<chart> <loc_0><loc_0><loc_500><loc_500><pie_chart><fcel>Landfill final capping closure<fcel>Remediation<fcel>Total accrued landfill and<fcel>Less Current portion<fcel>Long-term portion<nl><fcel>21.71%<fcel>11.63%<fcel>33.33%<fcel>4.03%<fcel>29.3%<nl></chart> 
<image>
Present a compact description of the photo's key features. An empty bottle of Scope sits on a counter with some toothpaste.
---
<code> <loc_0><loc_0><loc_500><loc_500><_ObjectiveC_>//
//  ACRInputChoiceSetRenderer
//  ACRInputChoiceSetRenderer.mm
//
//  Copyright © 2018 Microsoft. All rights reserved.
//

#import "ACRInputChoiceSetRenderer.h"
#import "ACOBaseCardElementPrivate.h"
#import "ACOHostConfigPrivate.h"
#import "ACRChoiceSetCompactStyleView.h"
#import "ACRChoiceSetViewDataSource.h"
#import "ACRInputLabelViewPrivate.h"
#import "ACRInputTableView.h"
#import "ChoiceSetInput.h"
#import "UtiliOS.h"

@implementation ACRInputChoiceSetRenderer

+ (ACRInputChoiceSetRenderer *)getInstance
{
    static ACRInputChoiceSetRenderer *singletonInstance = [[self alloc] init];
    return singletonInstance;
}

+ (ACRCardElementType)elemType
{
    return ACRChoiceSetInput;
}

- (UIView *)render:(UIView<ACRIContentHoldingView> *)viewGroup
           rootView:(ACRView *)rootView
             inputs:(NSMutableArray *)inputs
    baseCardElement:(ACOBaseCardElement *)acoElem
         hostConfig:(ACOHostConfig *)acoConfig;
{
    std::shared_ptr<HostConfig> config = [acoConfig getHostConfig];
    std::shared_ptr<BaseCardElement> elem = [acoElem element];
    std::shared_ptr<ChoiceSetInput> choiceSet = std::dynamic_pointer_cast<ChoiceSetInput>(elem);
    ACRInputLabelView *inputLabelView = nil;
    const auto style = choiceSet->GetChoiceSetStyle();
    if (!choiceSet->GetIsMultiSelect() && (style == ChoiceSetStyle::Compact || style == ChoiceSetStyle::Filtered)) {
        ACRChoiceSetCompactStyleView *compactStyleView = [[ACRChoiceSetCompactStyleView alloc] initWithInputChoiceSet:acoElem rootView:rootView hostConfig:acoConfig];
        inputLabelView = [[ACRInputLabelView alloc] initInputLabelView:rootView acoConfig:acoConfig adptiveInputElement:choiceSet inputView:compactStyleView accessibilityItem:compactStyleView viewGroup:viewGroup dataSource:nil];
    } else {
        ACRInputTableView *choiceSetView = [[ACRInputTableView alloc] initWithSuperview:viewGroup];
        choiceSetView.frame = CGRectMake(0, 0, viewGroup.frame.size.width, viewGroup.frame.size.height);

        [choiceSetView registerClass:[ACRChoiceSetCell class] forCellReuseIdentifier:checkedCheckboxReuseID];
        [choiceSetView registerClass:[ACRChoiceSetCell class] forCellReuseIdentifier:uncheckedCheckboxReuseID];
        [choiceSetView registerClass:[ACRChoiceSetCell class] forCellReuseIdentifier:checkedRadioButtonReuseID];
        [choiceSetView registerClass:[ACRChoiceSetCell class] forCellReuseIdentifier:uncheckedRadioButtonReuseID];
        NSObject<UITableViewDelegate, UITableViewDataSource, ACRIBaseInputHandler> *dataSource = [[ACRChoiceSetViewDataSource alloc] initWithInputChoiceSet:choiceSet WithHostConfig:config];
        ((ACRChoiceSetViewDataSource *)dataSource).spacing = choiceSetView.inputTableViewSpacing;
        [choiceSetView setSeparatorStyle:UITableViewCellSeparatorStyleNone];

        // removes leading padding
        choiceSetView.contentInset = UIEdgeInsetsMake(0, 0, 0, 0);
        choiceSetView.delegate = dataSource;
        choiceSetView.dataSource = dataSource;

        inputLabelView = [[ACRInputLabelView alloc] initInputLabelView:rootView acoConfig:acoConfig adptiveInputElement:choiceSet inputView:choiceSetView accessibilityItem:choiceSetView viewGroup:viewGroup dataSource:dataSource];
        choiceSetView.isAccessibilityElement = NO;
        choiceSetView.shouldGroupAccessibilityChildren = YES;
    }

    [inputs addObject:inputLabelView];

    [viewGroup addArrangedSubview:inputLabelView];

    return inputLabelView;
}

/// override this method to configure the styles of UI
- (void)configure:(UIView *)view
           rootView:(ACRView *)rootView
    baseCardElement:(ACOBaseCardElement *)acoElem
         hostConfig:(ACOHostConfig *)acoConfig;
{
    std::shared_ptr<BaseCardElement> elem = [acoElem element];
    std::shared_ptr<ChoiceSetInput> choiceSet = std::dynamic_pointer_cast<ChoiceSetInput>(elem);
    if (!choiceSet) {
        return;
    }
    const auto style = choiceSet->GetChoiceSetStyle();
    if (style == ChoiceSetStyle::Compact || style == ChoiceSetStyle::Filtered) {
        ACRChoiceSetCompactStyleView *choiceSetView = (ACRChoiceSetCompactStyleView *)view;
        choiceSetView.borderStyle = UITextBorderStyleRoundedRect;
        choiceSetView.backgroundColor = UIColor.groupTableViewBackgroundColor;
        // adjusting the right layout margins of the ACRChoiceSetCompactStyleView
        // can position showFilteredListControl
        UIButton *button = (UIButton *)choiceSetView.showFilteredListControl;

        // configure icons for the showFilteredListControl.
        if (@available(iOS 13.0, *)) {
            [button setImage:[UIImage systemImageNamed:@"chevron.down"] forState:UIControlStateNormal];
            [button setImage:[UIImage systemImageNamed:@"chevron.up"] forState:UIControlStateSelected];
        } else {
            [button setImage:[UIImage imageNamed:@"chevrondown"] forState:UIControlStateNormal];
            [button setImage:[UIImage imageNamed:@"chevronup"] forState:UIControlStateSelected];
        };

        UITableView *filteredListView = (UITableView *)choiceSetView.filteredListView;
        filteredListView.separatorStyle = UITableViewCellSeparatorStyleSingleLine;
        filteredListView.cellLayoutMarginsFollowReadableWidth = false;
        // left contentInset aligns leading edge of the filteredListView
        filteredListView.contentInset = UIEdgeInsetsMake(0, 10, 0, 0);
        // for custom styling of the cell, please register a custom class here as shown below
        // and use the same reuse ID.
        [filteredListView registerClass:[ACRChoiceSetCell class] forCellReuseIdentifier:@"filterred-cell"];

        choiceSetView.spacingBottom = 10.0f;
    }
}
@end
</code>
* * *
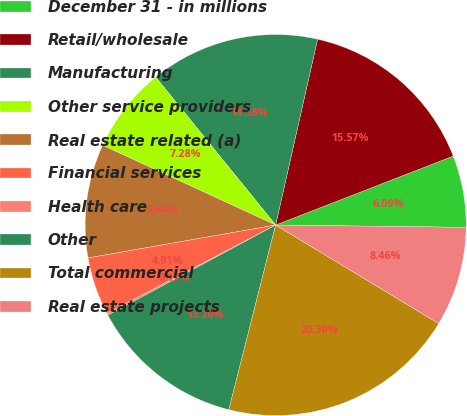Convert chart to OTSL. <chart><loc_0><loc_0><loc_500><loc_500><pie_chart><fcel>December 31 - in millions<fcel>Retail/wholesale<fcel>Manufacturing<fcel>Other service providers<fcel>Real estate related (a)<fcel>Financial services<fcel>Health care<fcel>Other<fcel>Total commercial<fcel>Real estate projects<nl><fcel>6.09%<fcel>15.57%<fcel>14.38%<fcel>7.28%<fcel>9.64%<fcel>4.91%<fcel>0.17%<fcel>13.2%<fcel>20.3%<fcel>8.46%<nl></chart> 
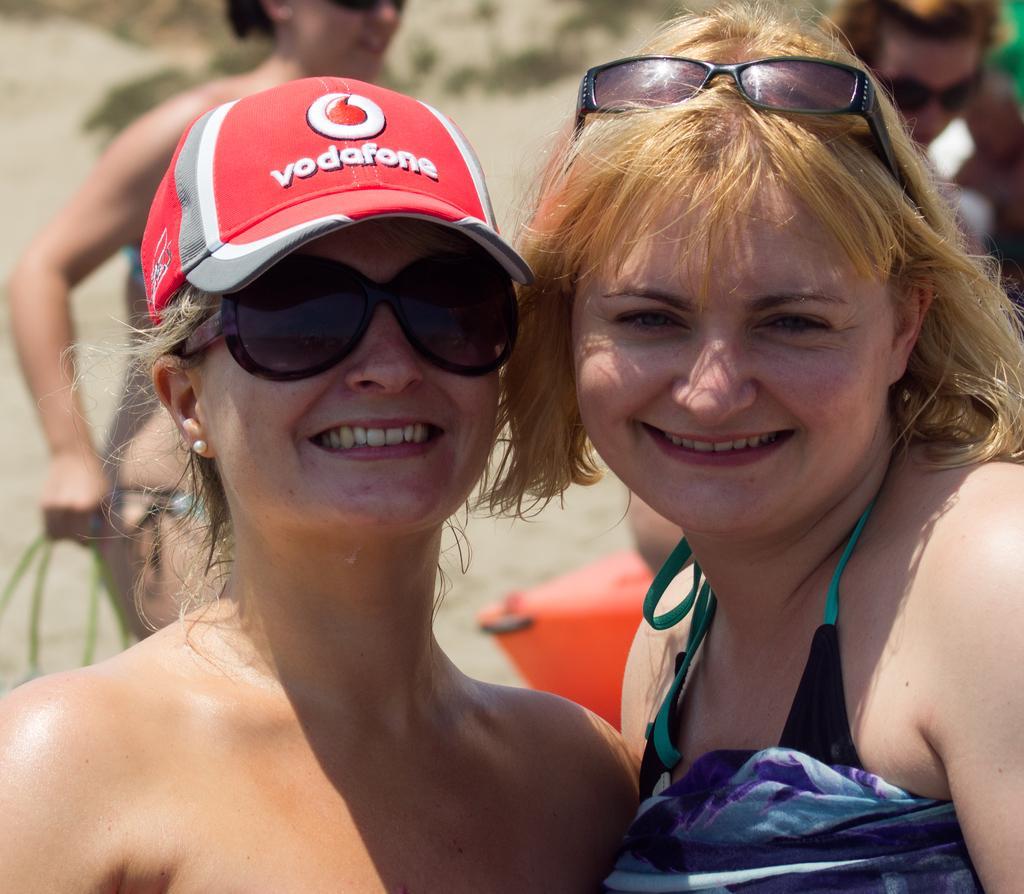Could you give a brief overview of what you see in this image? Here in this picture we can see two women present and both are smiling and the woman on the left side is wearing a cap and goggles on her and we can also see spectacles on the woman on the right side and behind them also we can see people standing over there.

**EXERCISE INSTRUCTIONS:** Copy all lines of the records that have the string "setImage" in them.

**EXERCISE RESULT:**
            [button setImage:[UIImage systemImageNamed:@"chevron.down"] forState:UIControlStateNormal];
            [button setImage:[UIImage systemImageNamed:@"chevron.up"] forState:UIControlStateSelected];
            [button setImage:[UIImage imageNamed:@"chevrondown"] forState:UIControlStateNormal];
            [button setImage:[UIImage imageNamed:@"chevronup"] forState:UIControlStateSelected];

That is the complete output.